EXERCISE OBJECTIVE » Produce a verbatim copy of the entries listed below.

Extracted records
········

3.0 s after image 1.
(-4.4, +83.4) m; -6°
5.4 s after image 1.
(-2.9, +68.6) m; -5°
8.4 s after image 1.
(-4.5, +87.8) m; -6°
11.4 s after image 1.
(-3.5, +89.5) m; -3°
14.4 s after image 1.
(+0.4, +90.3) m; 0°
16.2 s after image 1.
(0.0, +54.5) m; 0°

········

EXPECTED ANSWER »
3.0 s after image 1.
(-4.4, +83.4) m; -6°
5.4 s after image 1.
(-2.9, +68.6) m; -5°
8.4 s after image 1.
(-4.5, +87.8) m; -6°
11.4 s after image 1.
(-3.5, +89.5) m; -3°
14.4 s after image 1.
(+0.4, +90.3) m; 0°
16.2 s after image 1.
(0.0, +54.5) m; 0°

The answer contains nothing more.